During the first few months of the Bankruptcy Case, and continuing through to the present, the Debtor was primarily focused on completing the construction of the Project. Due to the natural and some unanticipated difficulties and delays in construction, the Debtor and its agents have expended, and continue to expend, substantial time and resources working towards this goal. Unfortunately, the Debtor missed multiple agreed construction milestones and completion of the Project has slipped by months. To assist the Debtor with construction issues, the Debtor recently retained Spire Consulting Group, LLC as its construction consultant, pursuant to an order entered by the Court on September 9, 2022. As of this filing, all of the Project’s cottages are completed and most have temporary certificates of occupancy, while the Project’s apartment tower is scheduled for completion in early 2023.
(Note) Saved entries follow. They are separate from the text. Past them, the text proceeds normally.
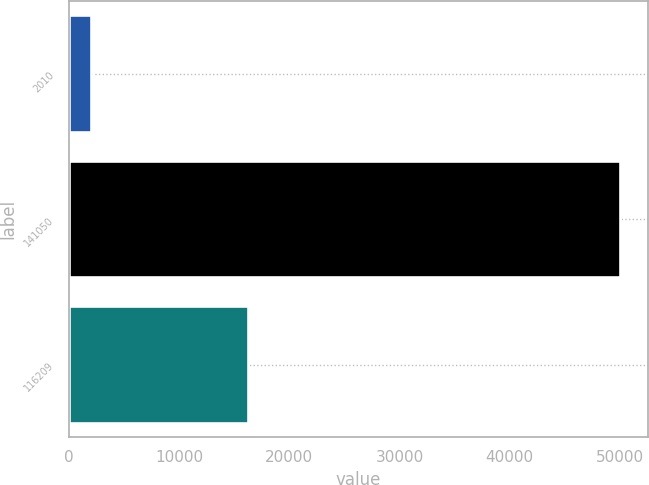Convert chart to OTSL. <chart><loc_0><loc_0><loc_500><loc_500><bar_chart><fcel>2010<fcel>141050<fcel>116209<nl><fcel>2009<fcel>50000<fcel>16209<nl></chart> 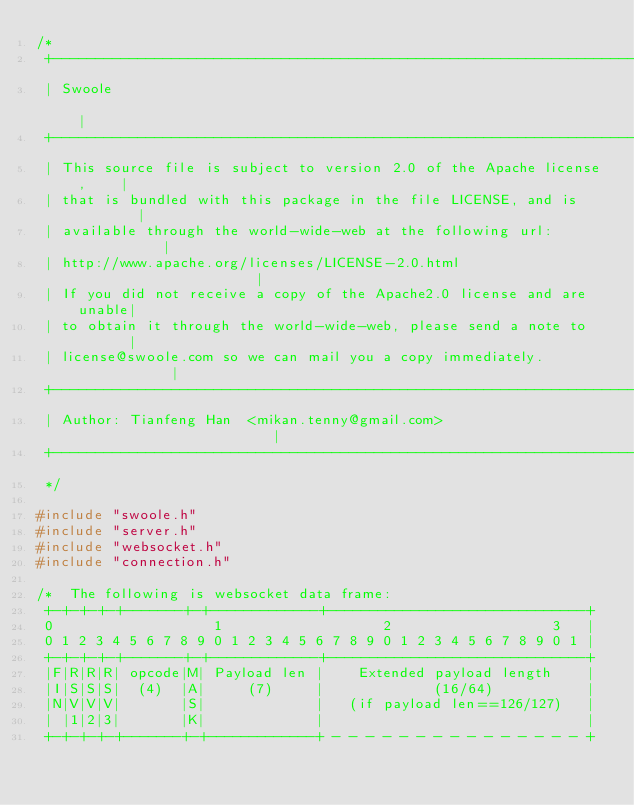Convert code to text. <code><loc_0><loc_0><loc_500><loc_500><_C_>/*
 +----------------------------------------------------------------------+
 | Swoole                                                               |
 +----------------------------------------------------------------------+
 | This source file is subject to version 2.0 of the Apache license,    |
 | that is bundled with this package in the file LICENSE, and is        |
 | available through the world-wide-web at the following url:           |
 | http://www.apache.org/licenses/LICENSE-2.0.html                      |
 | If you did not receive a copy of the Apache2.0 license and are unable|
 | to obtain it through the world-wide-web, please send a note to       |
 | license@swoole.com so we can mail you a copy immediately.            |
 +----------------------------------------------------------------------+
 | Author: Tianfeng Han  <mikan.tenny@gmail.com>                        |
 +----------------------------------------------------------------------+
 */

#include "swoole.h"
#include "server.h"
#include "websocket.h"
#include "connection.h"

/*  The following is websocket data frame:
 +-+-+-+-+-------+-+-------------+-------------------------------+
 0                   1                   2                   3   |
 0 1 2 3 4 5 6 7 8 9 0 1 2 3 4 5 6 7 8 9 0 1 2 3 4 5 6 7 8 9 0 1 |
 +-+-+-+-+-------+-+-------------+-------------------------------+
 |F|R|R|R| opcode|M| Payload len |    Extended payload length    |
 |I|S|S|S|  (4)  |A|     (7)     |             (16/64)           |
 |N|V|V|V|       |S|             |   (if payload len==126/127)   |
 | |1|2|3|       |K|             |                               |
 +-+-+-+-+-------+-+-------------+ - - - - - - - - - - - - - - - +</code> 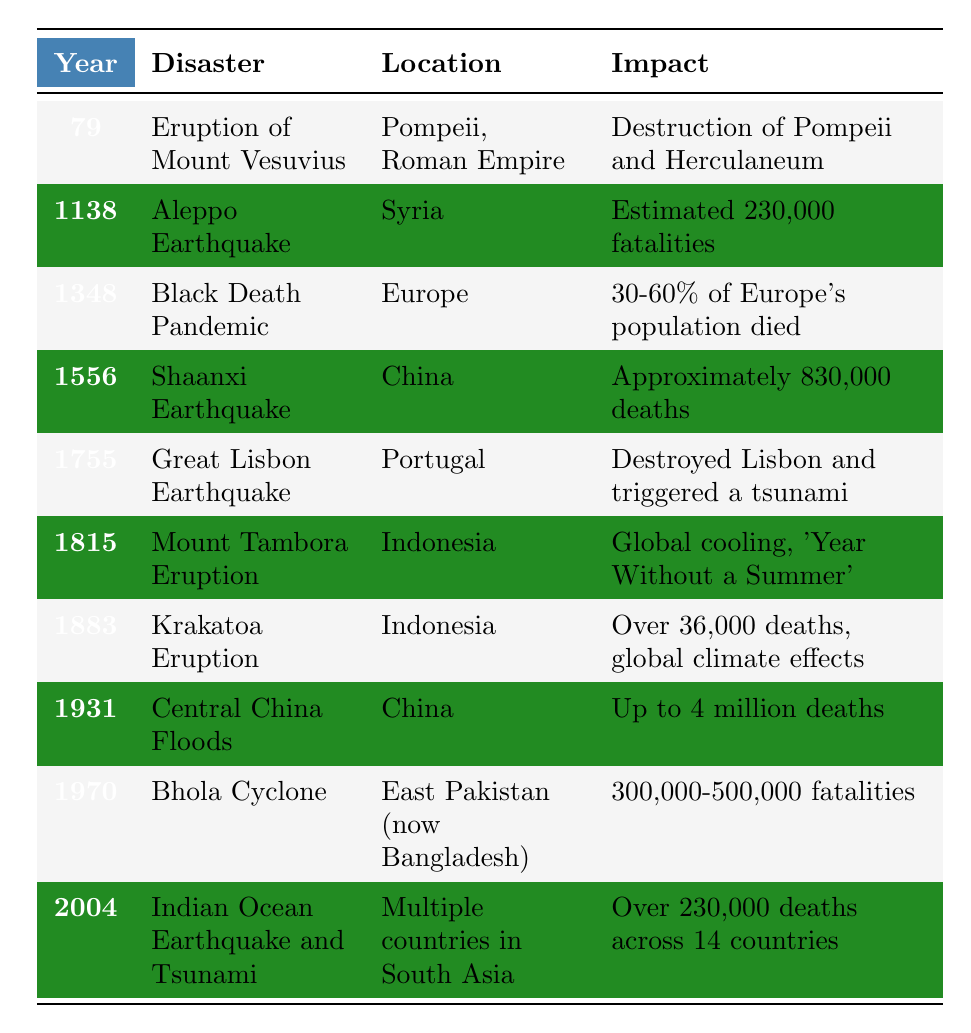What major disaster occurred in the year 1348? The table lists the "Black Death Pandemic" as the disaster that took place in 1348.
Answer: Black Death Pandemic Which disaster caused approximately 830,000 deaths? Referring to the table, the "Shaanxi Earthquake" in 1556 is noted for causing approximately 830,000 deaths.
Answer: Shaanxi Earthquake What is the estimated number of fatalities from the Aleppo Earthquake? According to the table, the Aleppo Earthquake in 1138 had an estimated 230,000 fatalities.
Answer: 230,000 fatalities In which country did the Great Lisbon Earthquake occur? The table indicates that the Great Lisbon Earthquake occurred in Portugal.
Answer: Portugal What is the impact of the Mount Tambora Eruption in 1815? The table states that the Mount Tambora Eruption led to global cooling, resulting in what was known as the 'Year Without a Summer.'
Answer: Global cooling, 'Year Without a Summer' How many disasters listed occurred in the 1800s? Looking at the table, there are three listed disasters in the 1800s: Mount Tambora Eruption (1815), Krakatoa Eruption (1883), and the Great Lisbon Earthquake (1755). These are counted to give a total of three.
Answer: 3 Was there a natural disaster that resulted in up to 4 million deaths? The table indicates that the Central China Floods in 1931 had an impact of up to 4 million deaths, confirming the fact.
Answer: Yes Which disaster occurred closest to the year 2000? Reviewing the table, the disaster occurring closest to the year 2000 is the Indian Ocean Earthquake and Tsunami, which happened in 2004.
Answer: Indian Ocean Earthquake and Tsunami Which two disasters occurred in Indonesia? The table references two disasters that occurred in Indonesia: the Mount Tambora Eruption in 1815 and the Krakatoa Eruption in 1883.
Answer: Mount Tambora Eruption and Krakatoa Eruption What is the time gap between the Shaanxi Earthquake and the Black Death Pandemic? To find the time gap, subtract the year of the Black Death Pandemic (1348) from the year of the Shaanxi Earthquake (1556) resulting in 1556 - 1348 = 208 years difference.
Answer: 208 years 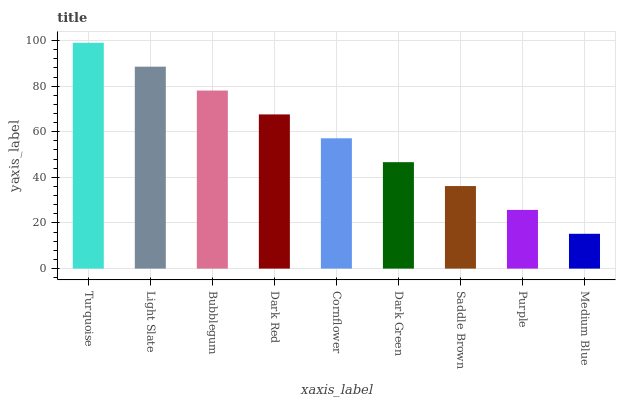Is Light Slate the minimum?
Answer yes or no. No. Is Light Slate the maximum?
Answer yes or no. No. Is Turquoise greater than Light Slate?
Answer yes or no. Yes. Is Light Slate less than Turquoise?
Answer yes or no. Yes. Is Light Slate greater than Turquoise?
Answer yes or no. No. Is Turquoise less than Light Slate?
Answer yes or no. No. Is Cornflower the high median?
Answer yes or no. Yes. Is Cornflower the low median?
Answer yes or no. Yes. Is Purple the high median?
Answer yes or no. No. Is Dark Green the low median?
Answer yes or no. No. 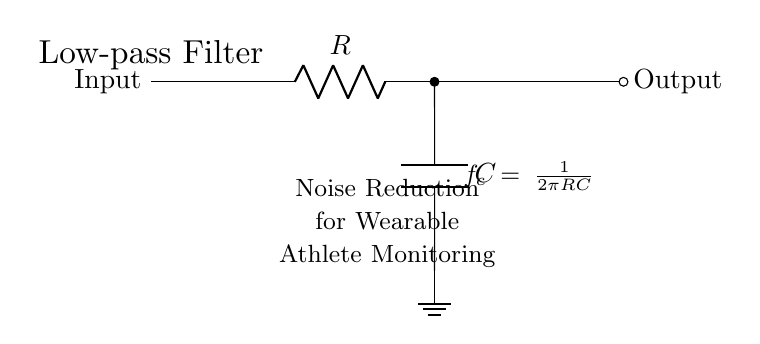What are the main components in this circuit? The circuit consists of a resistor and a capacitor, which are the primary elements used in an RC low-pass filter. The diagram clearly labels these components.
Answer: Resistor and Capacitor What does the phrase "Low-pass Filter" indicate? "Low-pass Filter" means that the circuit allows low-frequency signals to pass while attenuating (reducing) the strength of high-frequency signals, which is its primary function as indicated in the diagram.
Answer: Frequency filtering What is the role of the capacitor in this circuit? The capacitor stores charge and releases it, playing a crucial role in determining the filter's frequency response, as it works in conjunction with the resistor to achieve the desired noise reduction.
Answer: Noise reduction How is the cutoff frequency calculated? The cutoff frequency is calculated using the formula \( f_c = \frac{1}{2\pi RC} \), which shows the relationship between the resistance, capacitance, and the frequency at which the circuit starts to attenuate higher frequencies.
Answer: One over two pi times R times C What is the general purpose of this circuit in wearable athlete monitoring devices? The overall purpose is to reduce unwanted noise in the signal being monitored from the athlete, enabling clearer data collection and analysis for performance assessment.
Answer: Noise reduction for monitoring What happens as resistance increases in this circuit? Increasing resistance lowers the cutoff frequency, meaning that even more low-frequency signals will pass through while further reducing the level of higher frequency noise, impacting the overall frequency response of the filter.
Answer: Lower cutoff frequency 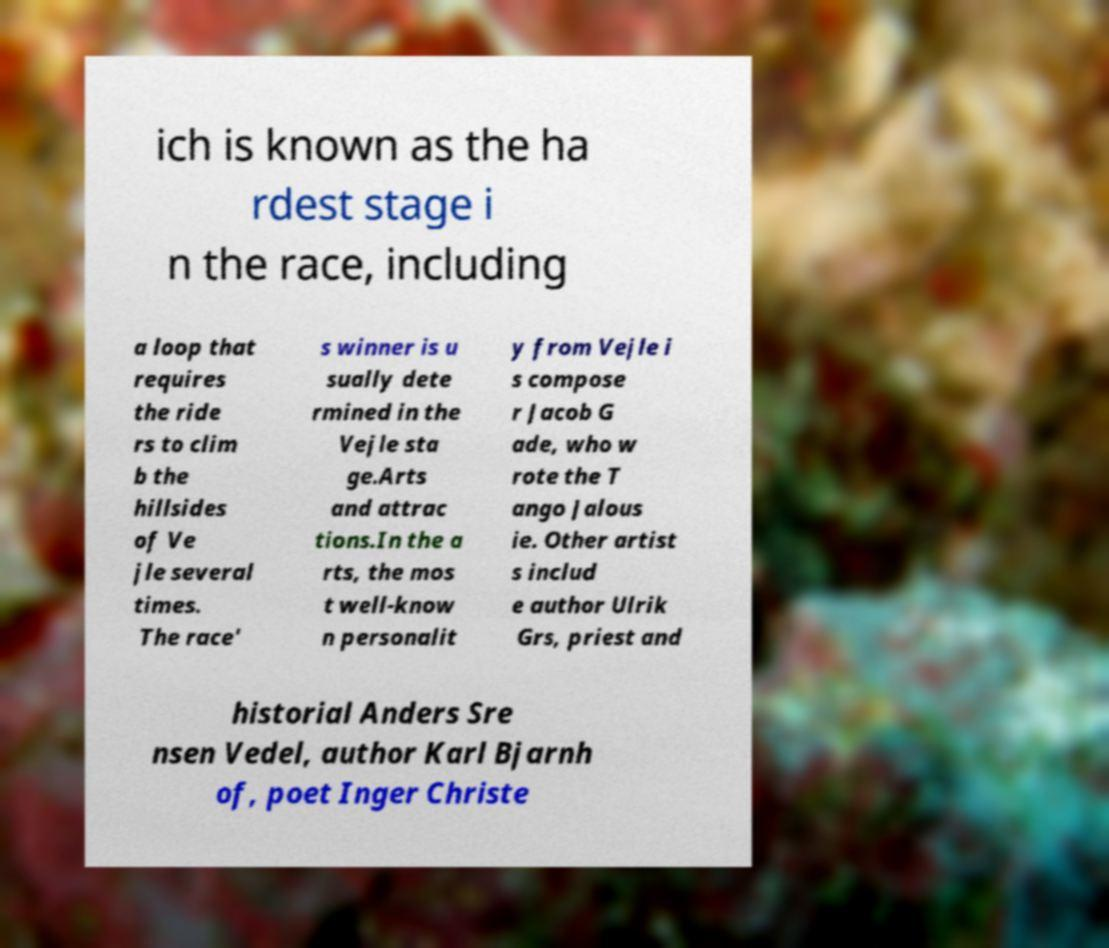Can you read and provide the text displayed in the image?This photo seems to have some interesting text. Can you extract and type it out for me? ich is known as the ha rdest stage i n the race, including a loop that requires the ride rs to clim b the hillsides of Ve jle several times. The race' s winner is u sually dete rmined in the Vejle sta ge.Arts and attrac tions.In the a rts, the mos t well-know n personalit y from Vejle i s compose r Jacob G ade, who w rote the T ango Jalous ie. Other artist s includ e author Ulrik Grs, priest and historial Anders Sre nsen Vedel, author Karl Bjarnh of, poet Inger Christe 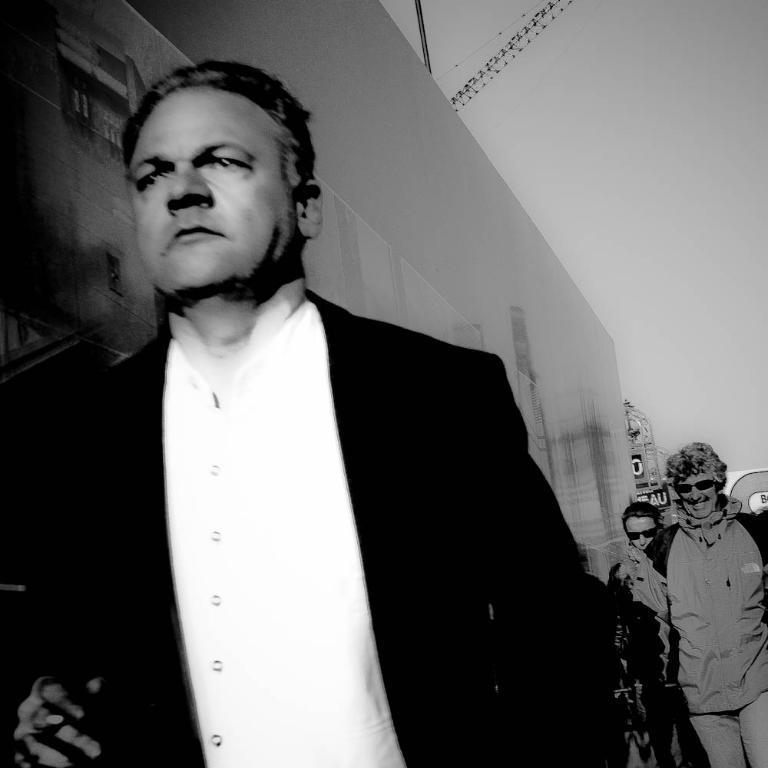Can you describe this image briefly? This is a black and white image. At the bottom, I can see few people. In the background there is a wall. At the top of the image I can see the sky. 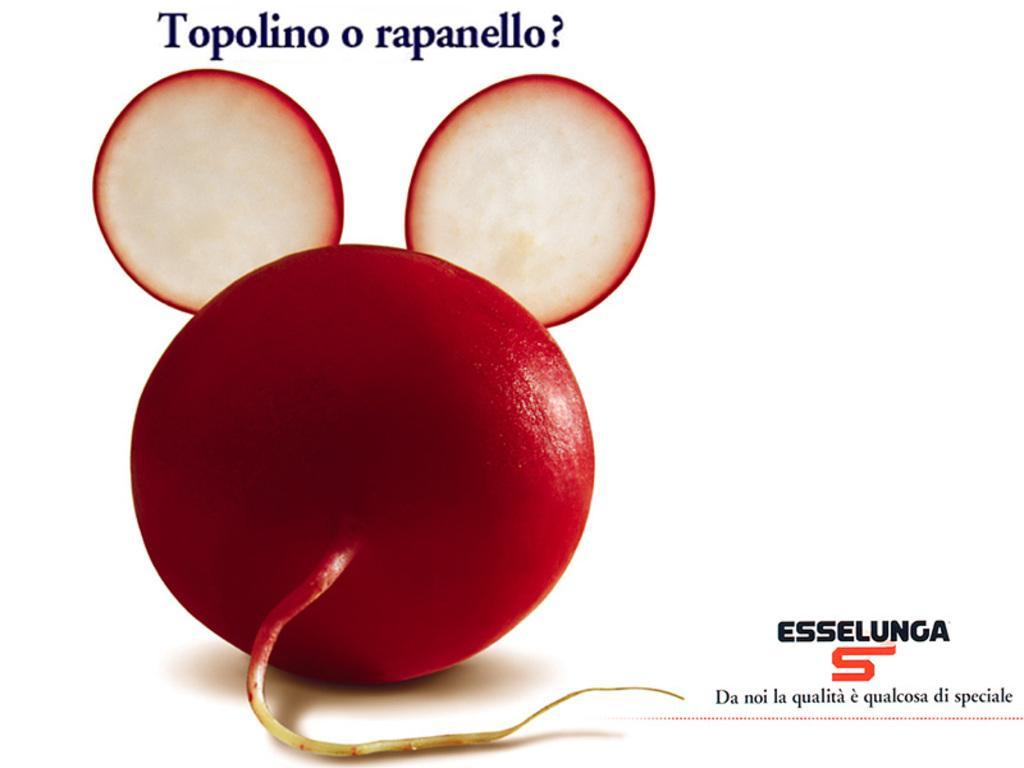Describe this image in one or two sentences. This is an edited image, we can see there is a red color object present on the left side of this image, and there is some text at the top of this image, and there is a logo with text at the bottom of this image. 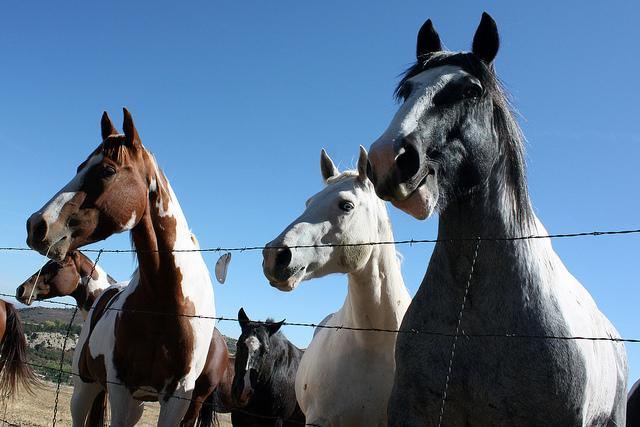What kind of fencing is used around these horses to keep them confined? Please explain your reasoning. electrified. Horses are standing by a barbed wired fence that will shock them if they try to escape. 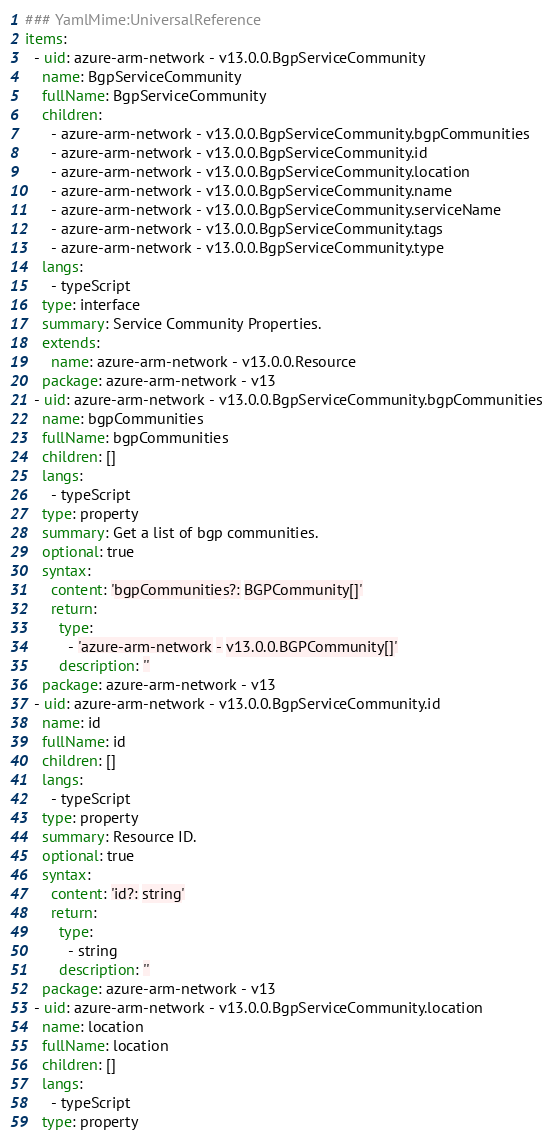<code> <loc_0><loc_0><loc_500><loc_500><_YAML_>### YamlMime:UniversalReference
items:
  - uid: azure-arm-network - v13.0.0.BgpServiceCommunity
    name: BgpServiceCommunity
    fullName: BgpServiceCommunity
    children:
      - azure-arm-network - v13.0.0.BgpServiceCommunity.bgpCommunities
      - azure-arm-network - v13.0.0.BgpServiceCommunity.id
      - azure-arm-network - v13.0.0.BgpServiceCommunity.location
      - azure-arm-network - v13.0.0.BgpServiceCommunity.name
      - azure-arm-network - v13.0.0.BgpServiceCommunity.serviceName
      - azure-arm-network - v13.0.0.BgpServiceCommunity.tags
      - azure-arm-network - v13.0.0.BgpServiceCommunity.type
    langs:
      - typeScript
    type: interface
    summary: Service Community Properties.
    extends:
      name: azure-arm-network - v13.0.0.Resource
    package: azure-arm-network - v13
  - uid: azure-arm-network - v13.0.0.BgpServiceCommunity.bgpCommunities
    name: bgpCommunities
    fullName: bgpCommunities
    children: []
    langs:
      - typeScript
    type: property
    summary: Get a list of bgp communities.
    optional: true
    syntax:
      content: 'bgpCommunities?: BGPCommunity[]'
      return:
        type:
          - 'azure-arm-network - v13.0.0.BGPCommunity[]'
        description: ''
    package: azure-arm-network - v13
  - uid: azure-arm-network - v13.0.0.BgpServiceCommunity.id
    name: id
    fullName: id
    children: []
    langs:
      - typeScript
    type: property
    summary: Resource ID.
    optional: true
    syntax:
      content: 'id?: string'
      return:
        type:
          - string
        description: ''
    package: azure-arm-network - v13
  - uid: azure-arm-network - v13.0.0.BgpServiceCommunity.location
    name: location
    fullName: location
    children: []
    langs:
      - typeScript
    type: property</code> 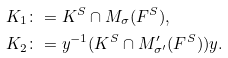<formula> <loc_0><loc_0><loc_500><loc_500>K _ { 1 } & \colon = K ^ { S } \cap M _ { \sigma } ( F ^ { S } ) , \\ K _ { 2 } & \colon = y ^ { - 1 } ( K ^ { S } \cap M ^ { \prime } _ { \sigma ^ { \prime } } ( F ^ { S } ) ) y .</formula> 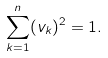Convert formula to latex. <formula><loc_0><loc_0><loc_500><loc_500>\sum _ { k = 1 } ^ { n } ( v _ { k } ) ^ { 2 } = 1 .</formula>

Commencing in August 2022, the Debtor opened negotiations with the Bond Trustee regarding the terms of a potentially consensual Chapter 11 plan of reorganization. Following an in-person negotiation, the parties retained Mark Andrews to serve as a mediator and they mediated in-person all day on September 27, 2022. Although no settlement was reached on that day, the parties and the meditator agreed to continue negotiations. On October 17, 2022, the mediator transmitted a mediator’s proposal to the parties and invited a further in-person mediation session. The parties mediated again in person on November 21, 2022. The Debtor continues to assess a negotiated plan with the Bond Trustee and intends to continue working with the mediator on a potential consensual Chapter 11 plan of reorganization.”
About the Debtor
According to the Debtor: “Bridgemoor @ Plano senior apartments will have a variety of one and two bedroom floor plans that are perfect for independent adults. Every apartment home will include internet service, basic cable, camera doorbells, ceiling fans, an all-electric kitchen with a pantry and breakfast bar, washer and dryer connections, extra private storage and a balcony or patio. Select homes come with an attached garage or a study. We feature both single-story and mid-rise apartment living. We understand that pets are family too, which is why we will be a pet-friendly community.”